Scusate una domanda... ieri sera sono stato dal commercialista per avere qualche delucidazione in piu.. e chiacchierando è uscito il discorso fallimento...
a quella parola e salta sulla sedia e mi ha praticamente detto che in caso di fallimento mi mangerebbero vivo...
Ora la mia domanda e questa... ma la SRL non era a responsabilità limitata al capitael conferito? a questo punto cosa cambia da una srl ad una snc (o cmq di persone) 
Grazie

----------


## robil

> Scusate una domanda... ieri sera sono stato dal commercialista per avere qualche delucidazione in piu.. e chiacchierando è uscito il discorso fallimento...
> a quella parola e salta sulla sedia e mi ha praticamente detto che in caso di fallimento mi mangerebbero vivo...
> Ora la mia domanda e questa... ma la SRL non era a responsabilità limitata al capitael conferito? a questo punto cosa cambia da una srl ad una snc (o cmq di persone) 
> Grazie

  Caro Nettuno. Ai sensi dell'art 1 della legge fallimentare (un regio decreto del 1942) si può essere dichiarati falliti se nell'impresa si superano determinati limiti. Totale investimenti superiori ai 200.000 euro, totale ricavi superiori ai 300.000. Ma a parte questi limiti dimensionali se a fallire è una srl i soci non amministratori non hanno nessuna conseguenza sennon quella di rimetterci la quota conferita. Gli amministratori possono subire conseguenze solo ed esclusivamente nel caso in cui abbiano responsabilità nella gestione. 
L'amministratore è responsabile ma non diverrebbe soggetto fallito in se con le conseguenze che ne derivano. 
Se invece a fallire fosse una snc ai sensi dell'art 147 della legge fallimentare, il fallimento della società produce anche il fallimento dei soci.
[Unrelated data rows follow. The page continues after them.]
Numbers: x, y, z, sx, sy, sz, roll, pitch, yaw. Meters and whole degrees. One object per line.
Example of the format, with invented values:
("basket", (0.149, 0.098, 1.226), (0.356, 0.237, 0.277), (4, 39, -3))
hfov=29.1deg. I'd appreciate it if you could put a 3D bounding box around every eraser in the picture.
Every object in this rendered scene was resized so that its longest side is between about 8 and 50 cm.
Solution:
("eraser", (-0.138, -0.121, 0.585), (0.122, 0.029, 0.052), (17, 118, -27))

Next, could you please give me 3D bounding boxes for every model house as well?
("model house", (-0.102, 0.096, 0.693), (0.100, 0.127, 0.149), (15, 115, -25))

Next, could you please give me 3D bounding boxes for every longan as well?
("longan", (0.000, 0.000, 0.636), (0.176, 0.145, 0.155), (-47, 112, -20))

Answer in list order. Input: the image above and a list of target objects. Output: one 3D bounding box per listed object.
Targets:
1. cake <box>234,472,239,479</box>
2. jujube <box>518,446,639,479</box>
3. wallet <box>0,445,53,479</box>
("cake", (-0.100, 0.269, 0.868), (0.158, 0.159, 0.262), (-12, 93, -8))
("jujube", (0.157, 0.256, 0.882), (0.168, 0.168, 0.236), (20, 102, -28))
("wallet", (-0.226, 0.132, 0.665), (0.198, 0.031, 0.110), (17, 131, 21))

In altri termini il fallimento della società si estende ai soci che vengono dichiarati falliti con procedure autonome (es. fallimento x snc con soci a e b, si dichiara il fallimento di x e il fallimento di a e b).

----------


## frankviaggi

Buonasera, 
nel passaggio da srl a snc, occorre ripristinare le perdite all'atto della trasformazione o queste possono essere "trasferite" alla snc e quindi gestite col nuovo anno? 
Grazie

----------


## robil

> Buonasera, 
> nel passaggio da srl a snc, occorre ripristinare le perdite all'atto della trasformazione o queste possono essere "trasferite" alla snc e quindi gestite col nuovo anno? 
> Grazie

  Il codice civile nei casi di conseguimento di perdite che intaccano il capitale sociale di una srl oltre al terzo e/o che portano il C.S. al di sotto del limite legale obbligano alla trasformazione della società (se non si procede alla copertura della perdita mediante nuovi conferimenti. Nulla impone nel caso si opti per la trasformazione. Pertanto la società può proseguire la propria attività con le perdite in bilancio ma con la nuova veste di società di persone (snc). Si spera che la perdita non si ripercuota sulla gestioen finanziaria determinando insolvenze e quindi esponendo la società e i soci a azioni esecutive individuali e (al limite) collettive (fallimento). In questi casi anche in seguito alla trasformazione in snc è opportuno valutare una ri.capitalizzazione.

----------